What NiN and Johnny Cash can teach us about Hurt

“Hurt”, a song written by Trent Reznor in 1995, was originally a hit for his band Nine inch Nails (NiN)[1] and, in its original flavour, is generally taken to be a reflection on self-harm, heroin addiction, depression and [the possibility of] suicide. In contrast, in 2002, at the twilight of his career[2], Johnny Cash re-recorded the song wherein, as old age and death encroach, it was transformed into a paean of a life hard-lived: “If I could start again, a million miles away, I would keep myself, I would find a way”.

It is interesting to note that, judged merely by their relative YouTube views, Cash’s cover has proved more successful than the original[3], leading Reznor – originally very sceptical of how Cash would treat his song – to remark:

Wow.
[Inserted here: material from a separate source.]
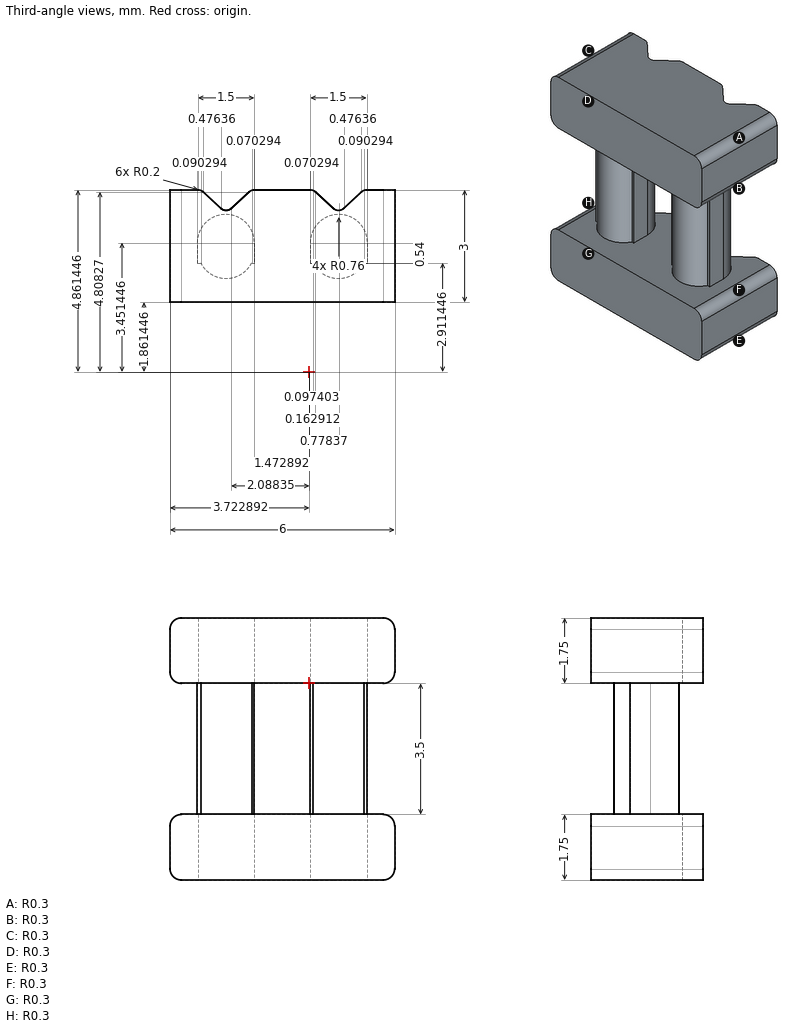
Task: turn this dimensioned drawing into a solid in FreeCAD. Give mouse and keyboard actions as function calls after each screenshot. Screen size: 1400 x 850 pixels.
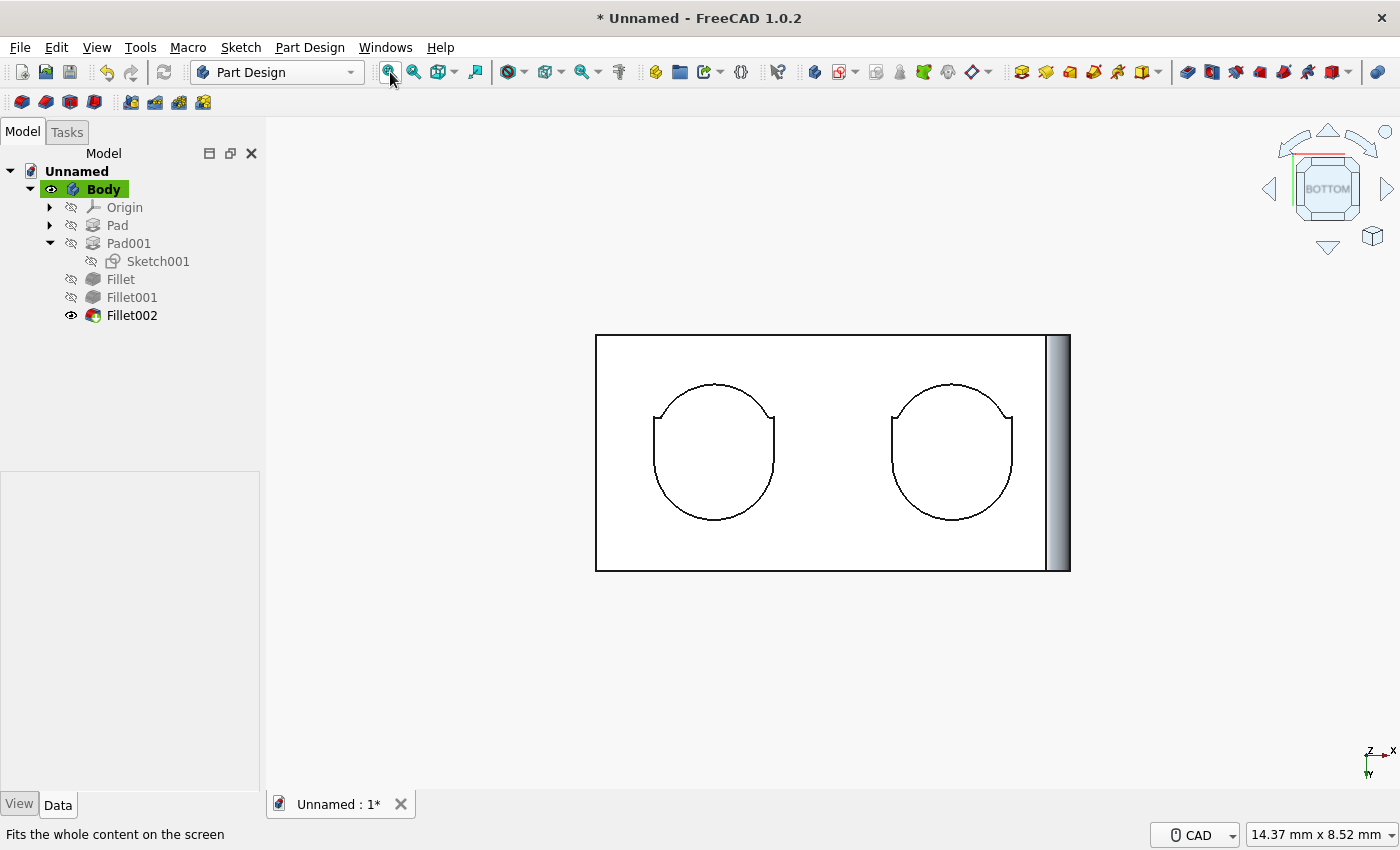
click(596, 452)
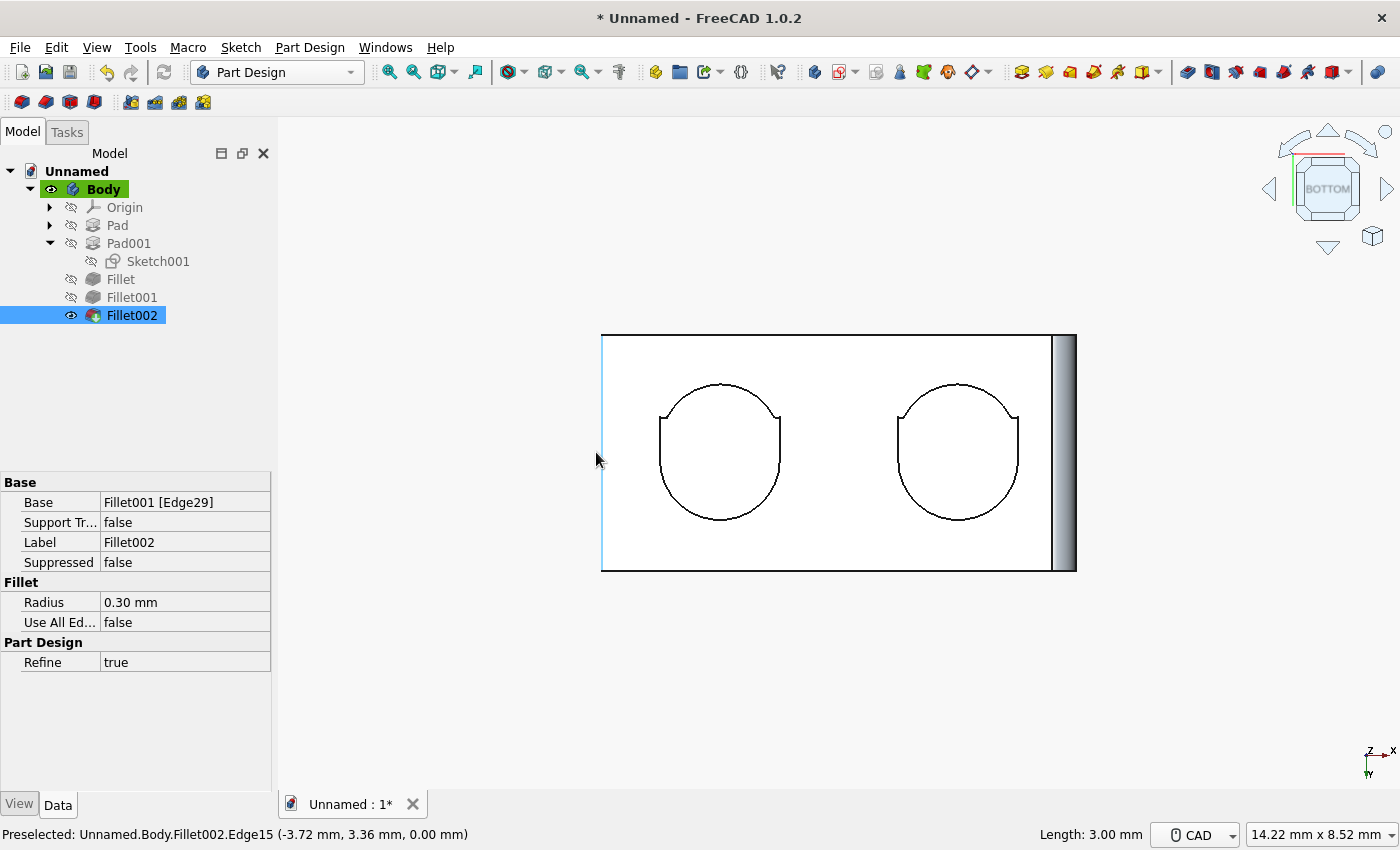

I just lost my girlfriend, because that song isn’t mine anymore… It really made me think about how powerful music is as a medium and art form. I wrote some words and music in my bedroom as a way of staying sane, about a bleak and desperate place I was in, totally isolated and alone. that winds up reinterpreted by a music legend from a radically different era/genre and still retains sincerity and meaning – different, but every bit as pure.”

The linguistic puzzle at stake here is how two versions of the same song[4] can convey such radically different meanings[5]. After all, under a structuralist (Saussurean) approach to linguistic analysis, the identification of linguistic features is predicated upon the pairing of a determinate form with a determinate meaning, whereby the value of the sign (its so-called ‘linguistic meaning’) is held to be invariant across all of its manifestations in actual discourse.

I will return to these puzzling linguistic themes in a later blog; for now, it is simply enough to observe that, for the 'Natural Language Processing' – contra 'Natural Language Understanding' – project, the deeper philosophical nuances of language are not quite as important as base computational pragmatics.

[1] Nine Inch Nails, “Hurt”,
[2] Johnny Cash, “Hurt”,
[3] Relative view statistics from the ‘official versions’ of each song: Cash circa 70m to NiN circa 0.5m.
[4] In Cash’s version he changes one line; replacing “crown of shit” to “crown of thorns”.
[5] And, by extension, how re-reading the same novel at different points in one’s life can often reveal very different interpretations and meanings to the reader.